At 1010, the method 1000 can include determining a position, a shape, and/or an orientation of each of the one or more objects in each of the one or more segments over a plurality of time intervals. For example, the computing system 108 can determine the position (e.g., location), shape (e.g., physical dimensions including length, width, and/or height), and/or orientation (e.g., compass orientation) of the one or more objects and/or sets of the one or more objects (e.g., a set of objects including a truck object pulling a trailer object). For example, the computing system 108 can use LIDAR data associated with the state of one or more objects over the past one second to determine the position, shape, and orientation of each of the one or more objects in each of the one or more segments during ten (10) one-tenth of a second (0.1 seconds) intervals over one second time period between the current time and one second ago.
At 1012, the method 1000 can include determining, based at least in part on the machine-learned model and the position, the shape, and the orientation of each of the one or more objects, a predicted position, a predicted shape, and a predicted orientation of each of the one or more objects at a last one of the plurality of time intervals. For example, the computing system 108 can provide data including the position, shape, and orientation of each of the one or more objects as input for the machine-learned model.
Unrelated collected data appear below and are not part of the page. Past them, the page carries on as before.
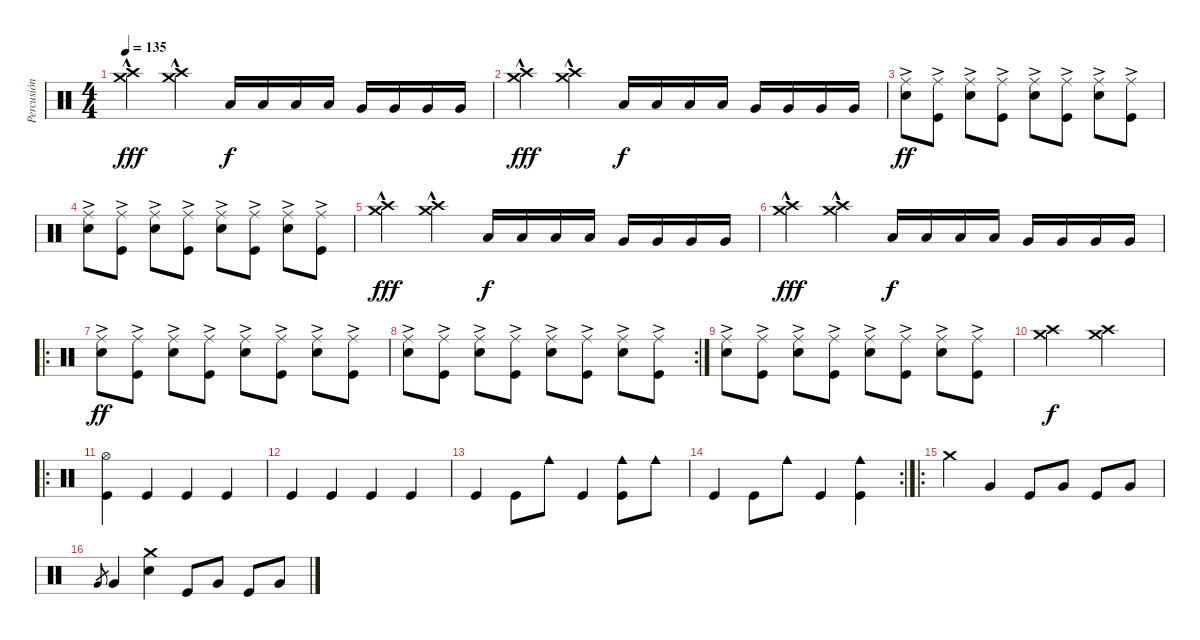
\track ("Percusión" "Percusión") {instrument percussion}
\staff {score}
\articulation defaults
\ts (4 4)
\tempo 135
\clef neutral
\ks c
("Crash high (hit)" "Crash medium (hit)"{hac}).4{dy fff} ("Crash high (hit)" "Crash medium (hit)"{hac}).4 "Low Floor Tom (hit)".16{dy f} "Low Floor Tom (hit)".16 "Low Floor Tom (hit)".16 "Low Floor Tom (hit)".16 "Very Low Tom (hit)".16 "Very Low Tom (hit)".16 "Very Low Tom (hit)".16 "Very Low Tom (hit)".16 |
("Crash high (hit)" "Crash medium (hit)"{hac}).4{dy fff} ("Crash high (hit)" "Crash medium (hit)"{hac}).4 "Low Floor Tom (hit)".16{dy f} "Low Floor Tom (hit)".16 "Low Floor Tom (hit)".16 "Low Floor Tom (hit)".16 "Very Low Tom (hit)".16 "Very Low Tom (hit)".16 "Very Low Tom (hit)".16 "Very Low Tom (hit)".16 |
("Ride (middle)"{ac} "Electric Snare (hit)").8{dy ff} ("Ride (middle)"{ac} "Kick (hit)").8 ("Ride (middle)"{ac} "Electric Snare (hit)").8 ("Ride (middle)"{ac} "Kick (hit)").8 ("Ride (middle)"{ac} "Electric Snare (hit)").8 ("Ride (middle)"{ac} "Kick (hit)").8 ("Ride (middle)"{ac} "Electric Snare (hit)").8 ("Ride (middle)"{ac} "Kick (hit)").8 |
("Ride (middle)"{ac} "Electric Snare (hit)").8 ("Ride (middle)"{ac} "Kick (hit)").8 ("Ride (middle)"{ac} "Electric Snare (hit)").8 ("Ride (middle)"{ac} "Kick (hit)").8 ("Ride (middle)"{ac} "Electric Snare (hit)").8 ("Ride (middle)"{ac} "Kick (hit)").8 ("Ride (middle)"{ac} "Electric Snare (hit)").8 ("Ride (middle)"{ac} "Kick (hit)").8 |
("Crash high (hit)" "Crash medium (hit)"{hac}).4{dy fff} ("Crash high (hit)" "Crash medium (hit)"{hac}).4 "Low Floor Tom (hit)".16{dy f} "Low Floor Tom (hit)".16 "Low Floor Tom (hit)".16 "Low Floor Tom (hit)".16 "Very Low Tom (hit)".16 "Very Low Tom (hit)".16 "Very Low Tom (hit)".16 "Very Low Tom (hit)".16 |
("Crash high (hit)" "Crash medium (hit)"{hac}).4{dy fff} ("Crash high (hit)" "Crash medium (hit)"{hac}).4 "Low Floor Tom (hit)".16{dy f} "Low Floor Tom (hit)".16 "Low Floor Tom (hit)".16 "Low Floor Tom (hit)".16 "Very Low Tom (hit)".16 "Very Low Tom (hit)".16 "Very Low Tom (hit)".16 "Very Low Tom (hit)".16 |
\ro
("Ride (middle)"{ac} "Electric Snare (hit)").8{dy ff} ("Ride (middle)"{ac} "Kick (hit)").8 ("Ride (middle)"{ac} "Electric Snare (hit)").8 ("Ride (middle)"{ac} "Kick (hit)").8 ("Ride (middle)"{ac} "Electric Snare (hit)").8 ("Ride (middle)"{ac} "Kick (hit)").8 ("Ride (middle)"{ac} "Electric Snare (hit)").8 ("Ride (middle)"{ac} "Kick (hit)").8 |
\rc 2
("Ride (middle)"{ac} "Electric Snare (hit)").8 ("Ride (middle)"{ac} "Kick (hit)").8 ("Ride (middle)"{ac} "Electric Snare (hit)").8 ("Ride (middle)"{ac} "Kick (hit)").8 ("Ride (middle)"{ac} "Electric Snare (hit)").8 ("Ride (middle)"{ac} "Kick (hit)").8 ("Ride (middle)"{ac} "Electric Snare (hit)").8 ("Ride (middle)"{ac} "Kick (hit)").8 |
("Ride (middle)"{ac} "Electric Snare (hit)").8 ("Ride (middle)"{ac} "Kick (hit)").8 ("Ride (middle)"{ac} "Electric Snare (hit)").8 ("Ride (middle)"{ac} "Kick (hit)").8 ("Ride (middle)"{ac} "Electric Snare (hit)").8 ("Ride (middle)"{ac} "Kick (hit)").8 ("Ride (middle)"{ac} "Electric Snare (hit)").8 ("Ride (middle)"{ac} "Kick (hit)").8 |
("Crash high (hit)" "Crash medium (hit)").2{dy f} ("Crash high (hit)" "Crash medium (hit)").2 |
\ro
("Hi-Hat (open)" "Kick (hit)").4 "Kick (hit)".4 "Kick (hit)".4 "Kick (hit)".4 |
"Kick (hit)".4 "Kick (hit)".4 "Kick (hit)".4 "Kick (hit)".4 |
"Kick (hit)".4 "Kick (hit)".8 "Cowbell medium (hit)".8 "Kick (hit)".4 ("Cowbell medium (hit)" "Kick (hit)").8 "Cowbell medium (hit)".8 |
\rc 2 "Kick (hit)".4 "Kick (hit)".8 "Cowbell medium (hit)".8 "Kick (hit)".4
("Cowbell medium (hit)" "Kick (hit)").4 |
\ro "Crash medium (hit)".4 "Very Low Tom (hit)".4 "Kick (hit)".8 "Very Low Tom (hit)".8 "Kick (hit)".8 "Very Low Tom (hit)".8
|
"Very Low Tom (hit)".8{gr} "Very Low Tom (hit)".4 ("Crash medium (hit)" "Electric Snare (hit)").4 "Kick (hit)".8 "Very Low Tom (hit)".8 "Kick (hit)".8 "Very Low Tom (hit)".8

The machine-learned model (e.g., the machine-learned model 1210 and/or the machine-learned model 1240) can be trained (e.g., trained prior to receiving the input) to output the predicted position, predicted shape, and predicted orientation of the one or more objects based on the input. By way of further example, the computing system 108 can use the footprint shape (e.g., rectangular) of an object (e.g., an automobile) over three time intervals to determine that the shape of the object will be the same (e.g., rectangular) in a fourth time interval that follows the three preceding time intervals.
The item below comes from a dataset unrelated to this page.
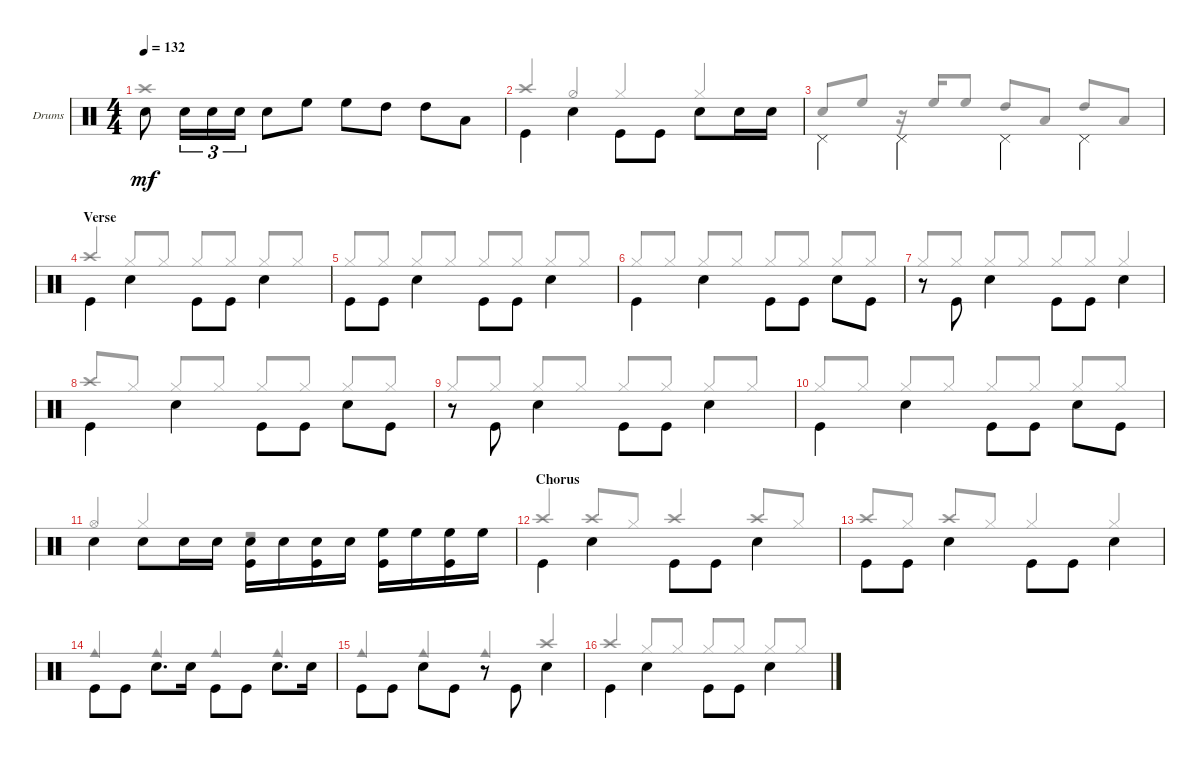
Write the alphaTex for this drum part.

At 1014, the method 1000 can include generating an output. The output can be based at least in part on the predicted position, the predicted shape, or the predicted orientation of each of the one or more objects at the last one of the plurality of time intervals. Further, the output including data that can be used to provide one or more indications (e.g., graphical indications on a display device associated with the computing system 108) associated with detection of the one or more objects. By way of further example, the computing system 108 can generate output that can be used to display representations (e.g., representations on a display device) of the one or more objects including using color coding to indicate different objects or object classes; different shapes to indicate different objects or object classes; and directional indicators (e.g., arrows) to indicate the orientation of an object.
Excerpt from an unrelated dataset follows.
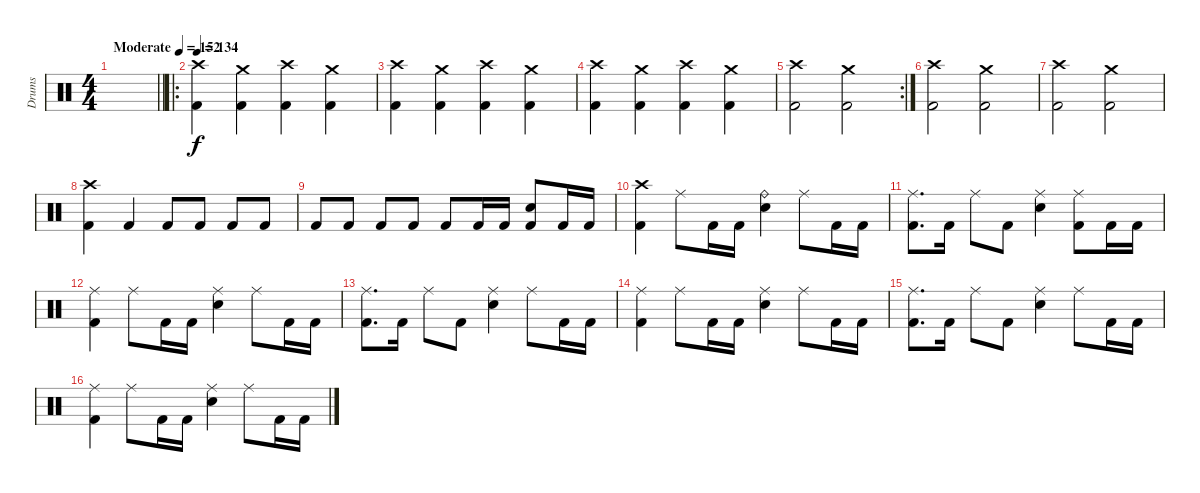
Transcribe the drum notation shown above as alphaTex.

FIG. 11 depicts a flow diagram of an example method of determining the position, shape, and orientation of one or more objects in an environment using a joint segmentation and detection technique according to example embodiments of the present disclosure. One or more portions of the method 1100 can be implemented by one or more devices (e.g., one or more computing devices) or systems including, for example, the vehicle 104, the computing system 108, and/or the operations computing system 150, shown in FIG. 1. Moreover, one or more portions of the method 1100 can be implemented as an algorithm on the hardware components of one or more devices or systems (e.g., the vehicle 104, the computing system 108, and/or the operations computing system 150, shown in FIG. 1) to, for example, detect, track, and determine positions, shapes, and/or orientations of one or more objects within a predetermined distance of an autonomous vehicle, a robotic system, and/or a personal computing device, which can be performed using classification techniques including the use of a machine-learned model. FIG. 11 depicts elements performed in a particular order for purposes of illustration and discussion. Those of ordinary skill in the art, using the disclosures provided herein, will understand that the elements of any of the methods discussed herein can be adapted, rearranged, expanded, omitted, combined, and/or modified in various ways without deviating from the scope of the present disclosure.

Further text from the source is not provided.